2022-12-21
The Prometheus cardinality issues with systemd unit-related metrics
Over on the Fediverse I said something about cAdvisor's Prometheus metrics:
Unless I'm missing something, cAdvisor's Prometheus metrics export has no way to limit what cgroups it generates metrics for. This is fatal on systems used by users, since it leads to a label cardinality explosion as the cgroups reported on will include 'session-NNN.scope' cgroups, with a constantly increasing and basically never re-used NNN.
This is a general issue for any Prometheus metrics that are related to particular systemd units. You absolutely need to limit what units you report on or ingest metrics for, because some systemd unit names have essentially unlimited cardinality. Any metric that includes their name as a label will thus have label cardinality issues, and in practice this means all per-unit metrics are potentially a problem.
(As a side note, there are two ways of reporting unit names in metric labels; you can report the direct unit name, or you can report the entire path to the unit through systemd's hierarchy of units, which is also the cgroup structure it uses. The full hierarchy is often more dangerous for label cardinality explosions than the unit name alone.)
User session scope units are called 'session-<number>.scope', where the number increments steadily until the system is rebooted. These units occur under 'user-<uid>.slice' units, so on many systems the full path to a user session is a label that at best repeats extremely infrequently after system reboots (the same UID would need to get the same session number). The session unit name alone repeats only on system reboot; if that's infrequent, you'll get a lot of fairly unique per-host labels.
But user session scope units (or scope and slice units more generally) aren't the only source of unit name problems. For example, templated socket service units have unique non-repeating names, and those are top level system '.service' units that you will normally report on even if you're reporting metrics only for system service units (provided that the unit lives long enough). There are probably other such variable unit names lurking out there, as well as a profusion of unit names that aren't variable as such but which may be system-specific (such as the various .device units).

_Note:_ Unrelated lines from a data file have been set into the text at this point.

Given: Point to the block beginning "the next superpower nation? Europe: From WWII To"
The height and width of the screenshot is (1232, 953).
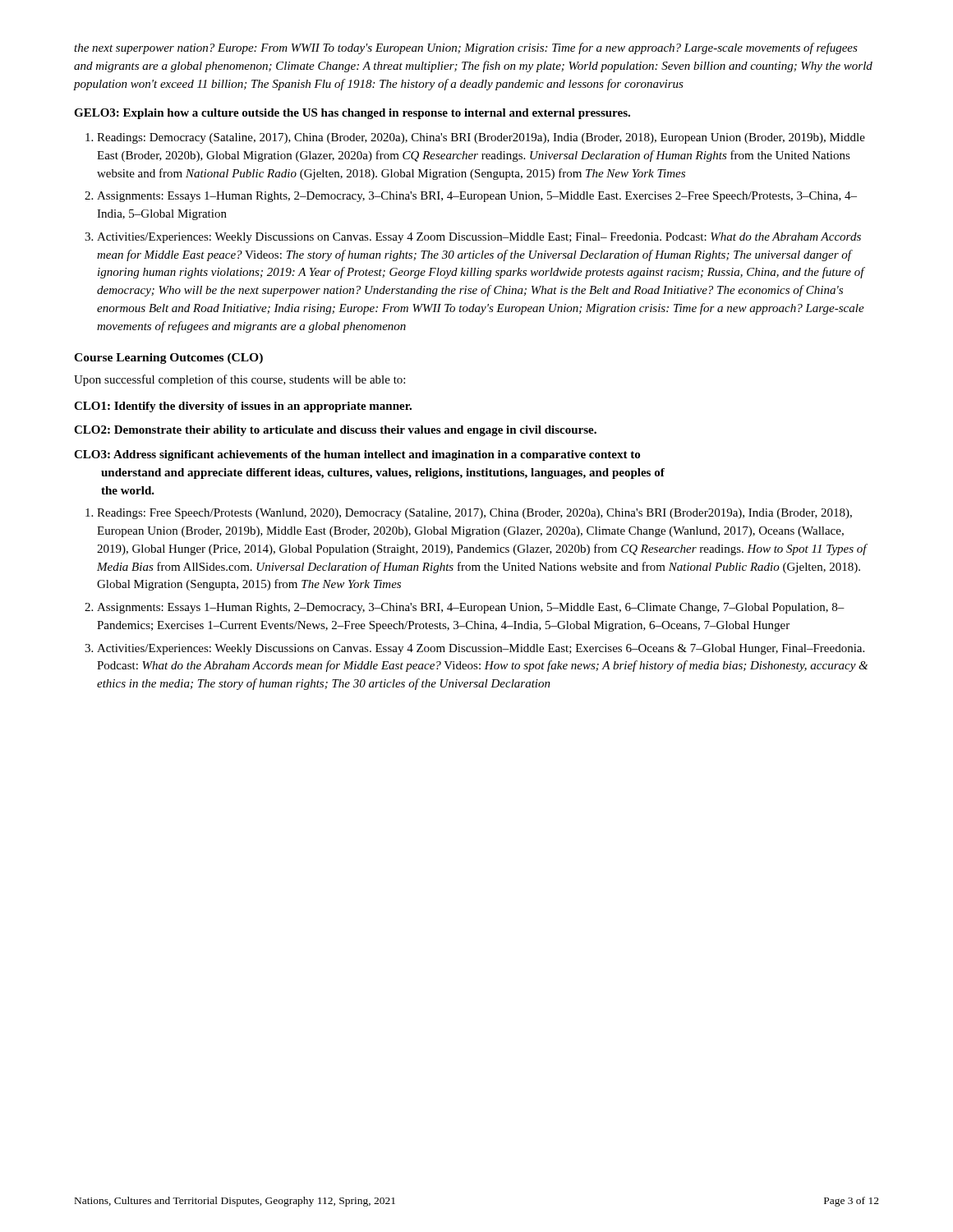Looking at the screenshot, I should click(x=473, y=65).
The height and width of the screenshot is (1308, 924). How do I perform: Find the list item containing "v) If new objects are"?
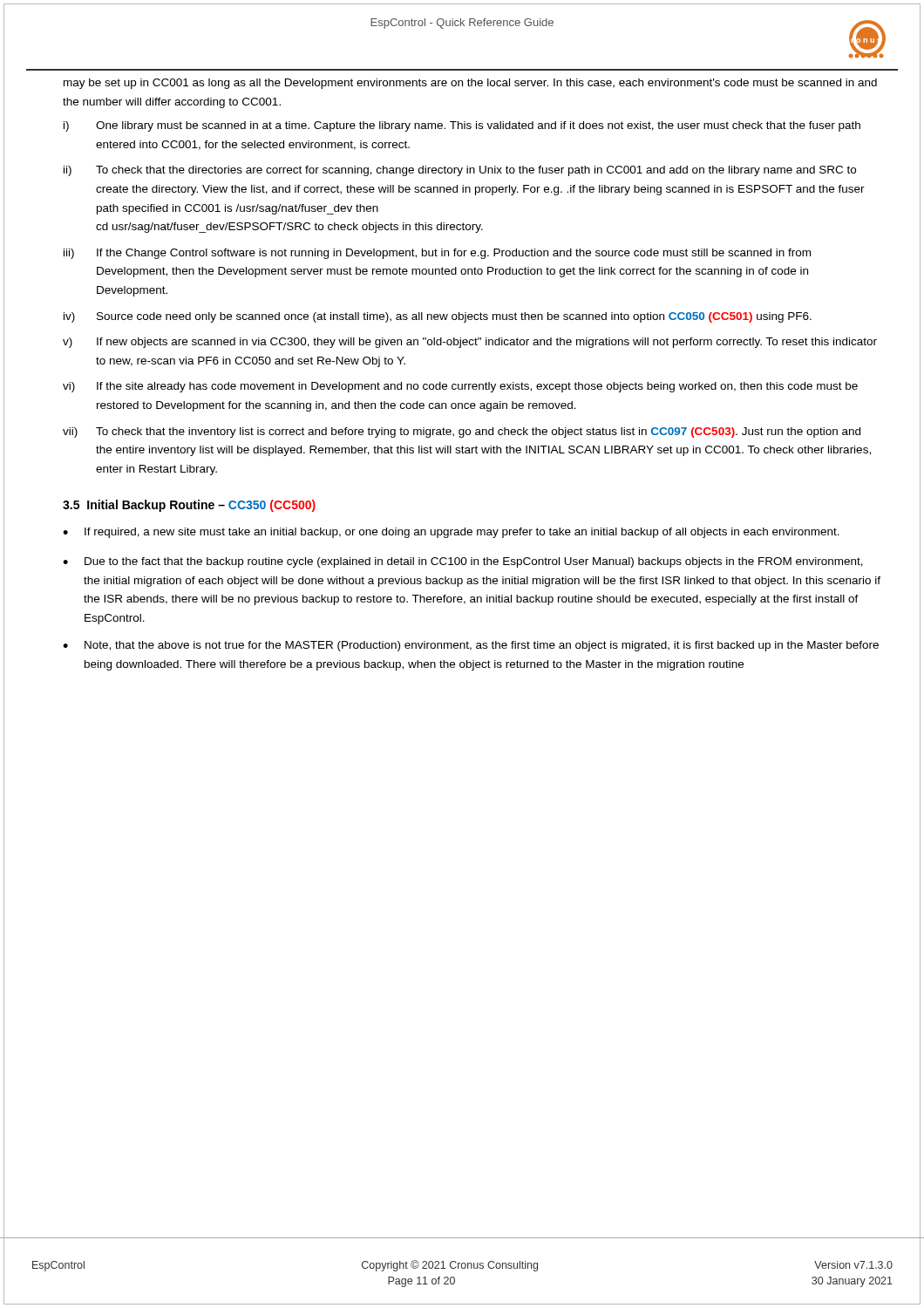pos(472,351)
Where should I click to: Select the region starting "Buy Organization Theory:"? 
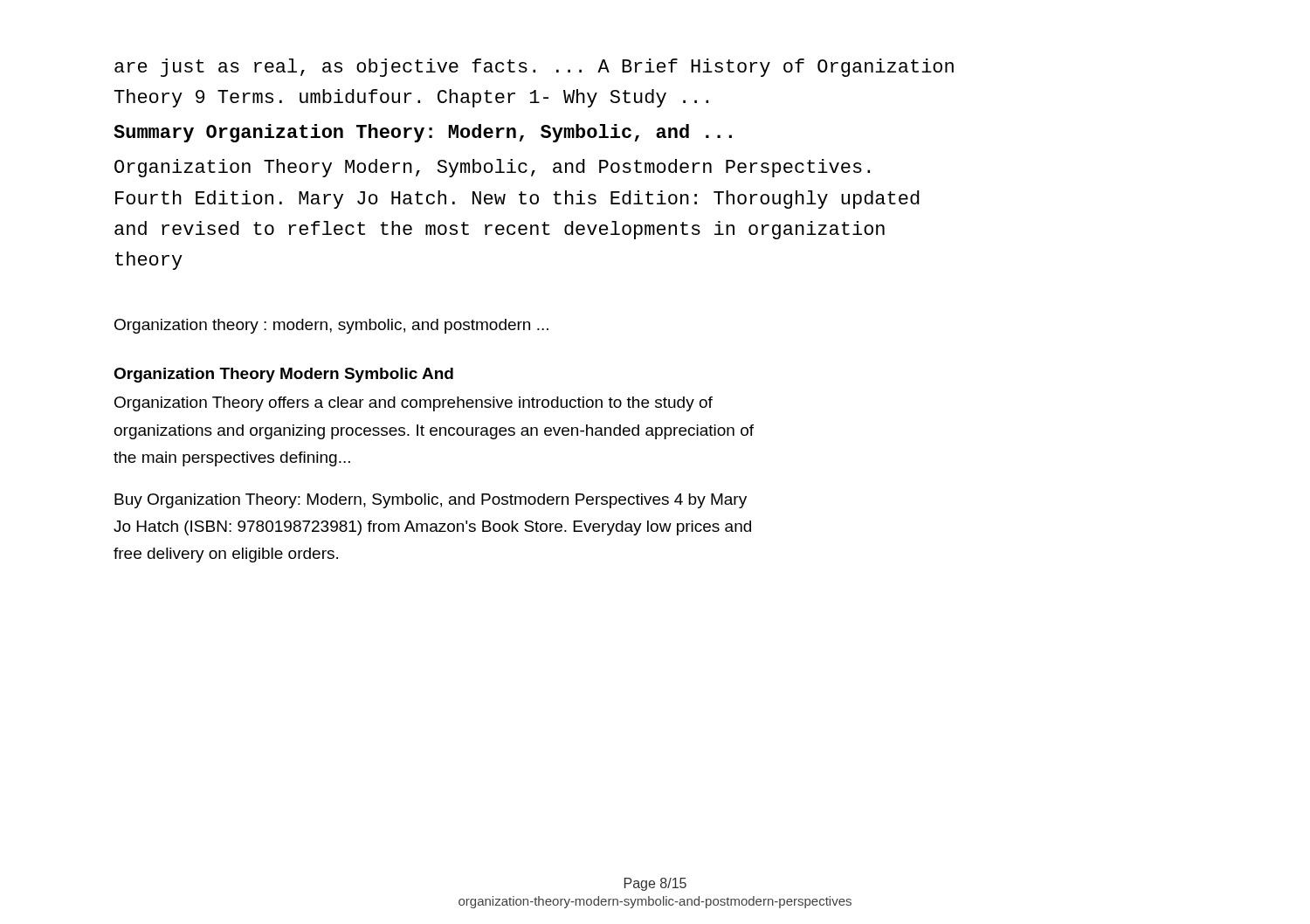tap(433, 526)

(One can get an idea of the possibilities by looking at the templated systemd units installed on your system, although many of them probably aren't in use.)
In an ideal world the exporter you're using will have a collection of features to limit what systemd units it reports on, so you can do things like filter out ones you're not interested in, only include types you care about, and perhaps limit the depth that the exporter traverses to (if it does things like traverse systemd's cgroup hierarchy, as cAdvisor does). If your exporter doesn't have that, you'll need to use the general Prometheus features to filter and drop metrics on ingestion, or forgo use of the exporter entirely.
More generally, any time an exporter's metrics include labels with systemd unit names, you need to take a closer look. It's potentially quite dangerous to start scraping such exporters without checking and thinking about this (and in fact I missed this issue the first time I looked into cAdvisor for systemd cgroup resource usage metrics).
(I've seen similar cardinality issues with systemd unit names with Grafana Loki, when I discovered what can go wrong with label cardinality in Loki.)